One of the nominees is a conservative with extensive central-bank experience, broadly respected by monetary-policy experts. The other campaigned for the job from the lobby of the Trump International Hotel in Washington, D.C., and is widely regarded as a hyper-partisan extremist.

Guess which nomination McConnell is now advancing, and may bring to a vote as early as the end of this week, possibly even this very day?

The nomination that has gone cold is that of Christopher Waller, the current director of research at the Federal Reserve Bank of St. Louis.

The nomination that McConnell has suddenly taken up again is that of Judy Shelton.

Shelton is noted for her decades-long advocacy of fixing the value of currencies to gold. In 2009, for example, she wrote in The Wall Street Journal :

Now is the time to challenge the exclusive monopoly of Federal Reserve notes as currency. Buyers and sellers, by mutual consent, should have access to an alternate means for settling accounts; they should be able to do business using a monetary unit of account defined in terms of gold.

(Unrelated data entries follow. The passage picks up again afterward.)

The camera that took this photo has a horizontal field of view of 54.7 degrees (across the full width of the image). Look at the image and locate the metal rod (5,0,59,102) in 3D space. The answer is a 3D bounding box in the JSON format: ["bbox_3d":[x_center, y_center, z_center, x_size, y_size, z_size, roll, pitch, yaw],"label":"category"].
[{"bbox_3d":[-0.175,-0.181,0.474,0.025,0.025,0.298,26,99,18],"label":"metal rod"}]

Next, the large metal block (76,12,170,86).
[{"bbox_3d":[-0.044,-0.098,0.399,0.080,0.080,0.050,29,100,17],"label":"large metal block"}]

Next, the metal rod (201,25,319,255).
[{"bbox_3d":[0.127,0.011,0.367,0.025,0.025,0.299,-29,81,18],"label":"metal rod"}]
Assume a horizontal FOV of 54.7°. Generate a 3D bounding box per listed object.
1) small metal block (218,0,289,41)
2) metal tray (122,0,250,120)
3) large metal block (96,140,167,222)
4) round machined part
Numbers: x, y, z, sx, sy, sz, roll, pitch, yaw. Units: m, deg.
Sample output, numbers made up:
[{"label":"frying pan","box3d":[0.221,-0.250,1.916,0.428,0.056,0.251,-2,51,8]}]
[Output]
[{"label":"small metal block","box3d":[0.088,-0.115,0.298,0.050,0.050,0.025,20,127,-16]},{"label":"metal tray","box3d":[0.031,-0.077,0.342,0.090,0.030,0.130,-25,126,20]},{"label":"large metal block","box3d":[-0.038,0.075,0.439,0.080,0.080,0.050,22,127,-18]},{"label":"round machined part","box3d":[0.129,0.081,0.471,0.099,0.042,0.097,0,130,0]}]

Advocates of the gold standard often talk about consent and convertibility—the ability of economic actors to switch back and forth from dollars to gold. But that is disingenuous. Americans or anybody else can go to market with every last dollar they own and buy as much gold as they wish. What gold-standard advocates mean by convertibility is that private citizens should be free to convert their dollars into gold at a price set by law, rather than by the marketplace. Congress would pick a price for this one commodity, and then the central bank would forever after raise or lower interest rates to squeeze the dollar into alignment with the price of gold.

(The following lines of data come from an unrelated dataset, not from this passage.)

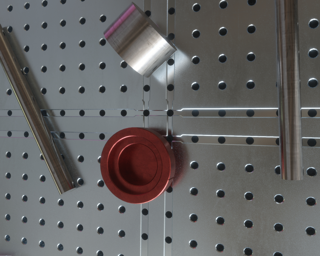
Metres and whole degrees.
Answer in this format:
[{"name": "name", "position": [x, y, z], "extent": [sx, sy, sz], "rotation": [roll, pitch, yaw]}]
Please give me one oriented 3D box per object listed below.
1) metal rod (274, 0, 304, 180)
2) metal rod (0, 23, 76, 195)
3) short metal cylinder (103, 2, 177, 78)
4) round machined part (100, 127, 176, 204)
[{"name": "metal rod", "position": [0.148, -0.091, 0.360], "extent": [0.025, 0.025, 0.298], "rotation": [-2, 89, 20]}, {"name": "metal rod", "position": [-0.205, -0.036, 0.485], "extent": [0.025, 0.025, 0.299], "rotation": [-31, 80, 17]}, {"name": "short metal cylinder", "position": [-0.024, -0.110, 0.392], "extent": [0.050, 0.080, 0.080], "rotation": [-42, 77, 15]}, {"name": "round machined part", "position": [-0.026, 0.048, 0.413], "extent": [0.098, 0.042, 0.097], "rotation": [0, 90, 20]}]

That’s how things were done in the United States from 1873 until 1934, when the domestic gold standard was finally abandoned after causing one horrific economic depression too many.

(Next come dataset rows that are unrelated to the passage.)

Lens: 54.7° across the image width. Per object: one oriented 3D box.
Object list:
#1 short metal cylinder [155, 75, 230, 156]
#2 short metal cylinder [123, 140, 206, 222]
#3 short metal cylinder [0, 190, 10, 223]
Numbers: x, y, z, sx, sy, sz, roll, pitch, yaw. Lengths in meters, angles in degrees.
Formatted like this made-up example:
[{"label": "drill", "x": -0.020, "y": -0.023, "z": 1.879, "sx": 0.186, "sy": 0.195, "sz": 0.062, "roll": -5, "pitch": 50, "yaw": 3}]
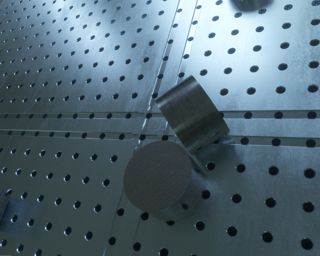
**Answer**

As one governor among seven, Shelton could do meaningful, but finite, harm. But right now, there are two vacancies on the board. If Shelton is confirmed, she will be one of six, not one of seven. And what if Republicans preserve their majority in the Senate after 2020, and McConnell then decides to extend to the Fed the same no-nominations-by-Democratic-presidents rule he formerly enforced on the federal courts? Richard Clarida’s term on the board expires in the spring of 2022. Shelton will then be one of five. Powell’s term as Fed chair expires early in 2022. If not renominated as chair, Powell may quit the board altogether. Shelton would then be one of four.

Could McConnell embargo the Fed as he has embargoed the federal courts, with a view of paralyzing monetary policy in order to hurt Democratic chances in the elections of 2022 and 2024? No such thing has ever happened before, but since McConnell gained the leadership of the Senate majority in 2014, it’s been one instance of no-such-thing-has-ever-happened-before after another. For all their many points of friction, McConnell and Trump have had one point of unity: a deep conviction of the non-legitimacy of government by the other party. That conviction was sharpened on the courts. Is it now to be perfected at the Federal Reserve, with the American economy joining American law and justice as McConnell’s hostage?